Image of a child wearing a mask to protect her from smoke

Healthier air for children at day care

Asthma ranks third among the reasons why children younger than 15 are hospitalized, and it accounts for millions of missed school days every year. Although the disease has no cure, it’s manageable with proper treatment and preventive measures.

Anne Dressel
Anne Dressel

Those measures include educating caregivers about common airborne triggers for allergic asthma. Anne Dressel, an assistant professor in the College of Nursing, is studying how such efforts can lead to improved air quality at places where many young children spend much of their time – day care centers.

The study – a collaboration between the College of Nursing, the nonprofit organization Fight Asthma Milwaukee Allies, and the Medical College of Wisconsin – focuses on care centers used primarily by low-income African-American and Latino families. Education on airborne asthma triggers is especially important in economically distressed urban communities, as they bear much of the burden of childhood asthma. In Wisconsin, Milwaukee County has the state’s highest rate of emergency room visits for pediatric asthma. And the city of Milwaukee’s rate is 50 percent higher than the county’s.

Dressel's research team hopes to reduce asthma-triggering airborne allergens in child care facilities. (UWM Video/Chris Baylor)

The researchers want to reduce two groups of airborne allergens that can trigger asthma: residues of aggressive cleaning products and those of insecticides. So nursing students on Dressel’s team help train caregivers in green cleaning practices and pest management approaches that reduce the prevalence of airborne allergens.
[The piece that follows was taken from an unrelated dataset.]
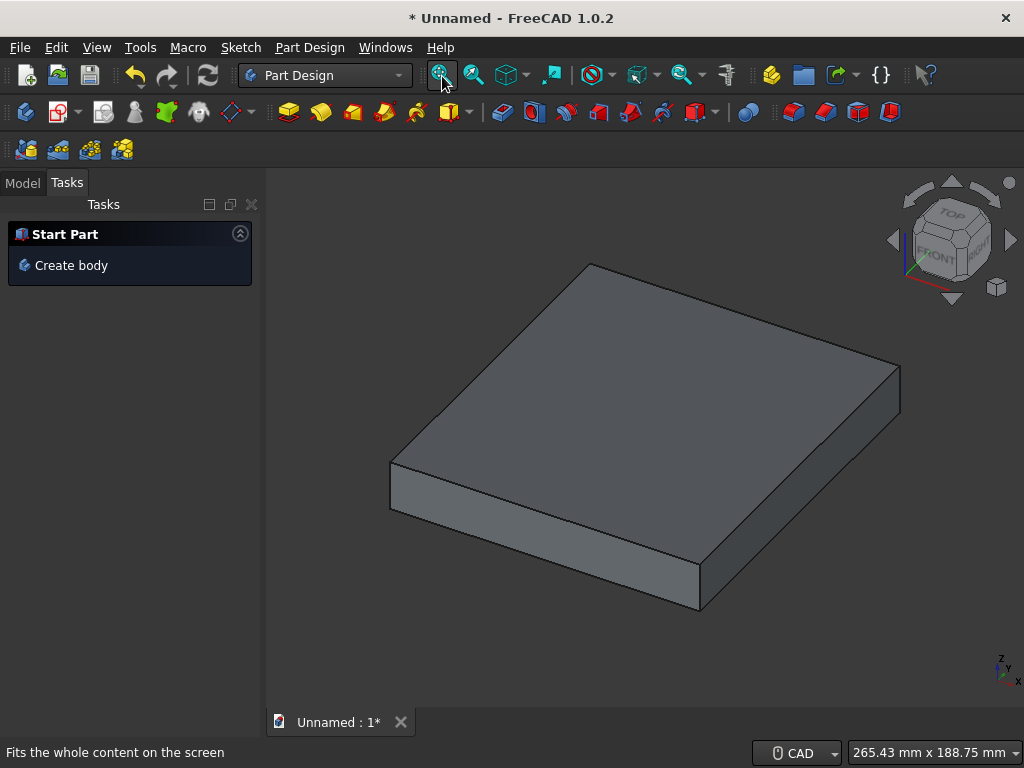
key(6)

For example, state regulations require the use of bleach at day care centers, but caregivers learn how a diluted solution can achieve the necessary disinfection.

Using affordable, consumer-grade air quality monitors installed at the day care centers, researchers compare air quality before and after the training. The monitors cost about $200, and through a smartphone app, air quality information is displayed on-site and stored remotely on a computer server. The team expects to have early results in the spring.
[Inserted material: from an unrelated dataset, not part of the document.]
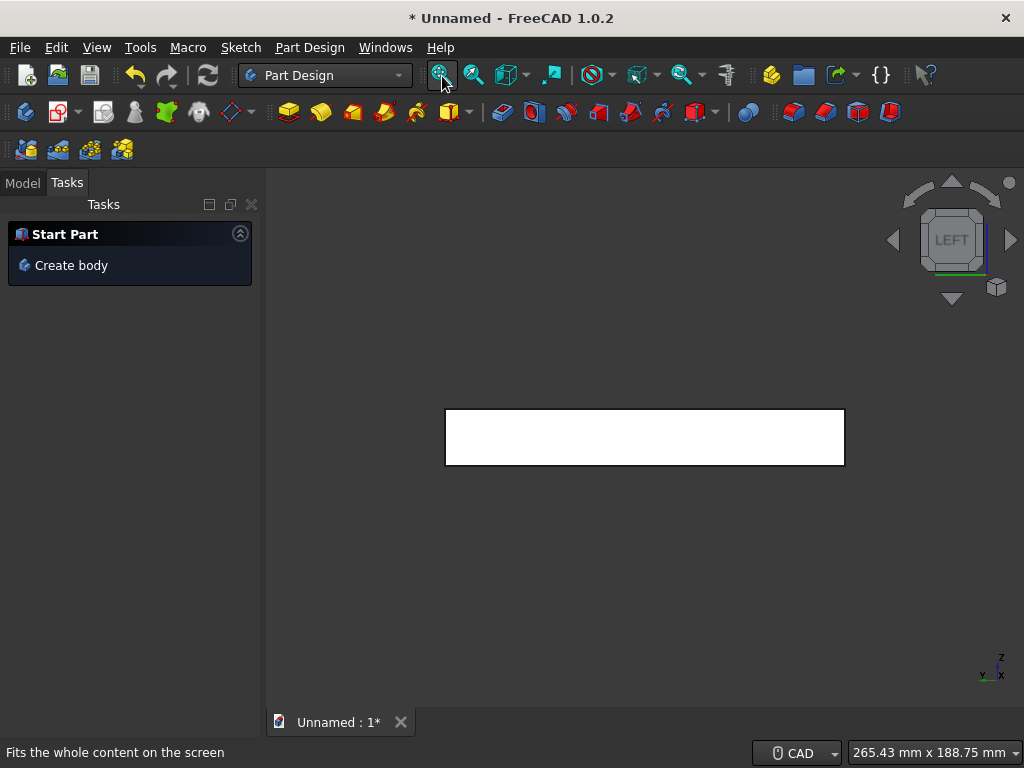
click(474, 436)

“I’m excited that some of our nursing students are delivering the education as part of their practicum,” Dressel says. “It’s so important for them to see that helping people make behavioral changes can have a much bigger impact on a child’s health than treating that child at the clinic.”

The pilot study is part of the Westlawn Partnership for a Healthier Environment, which the UWM College of Nursing founded in 2008. The Westlawn neighborhood in northwest Milwaukee includes Wisconsin’s largest public housing project. The study is funded by the National Institutes of Health via the Clinical and Translational Science Institute of Southeast Wisconsin.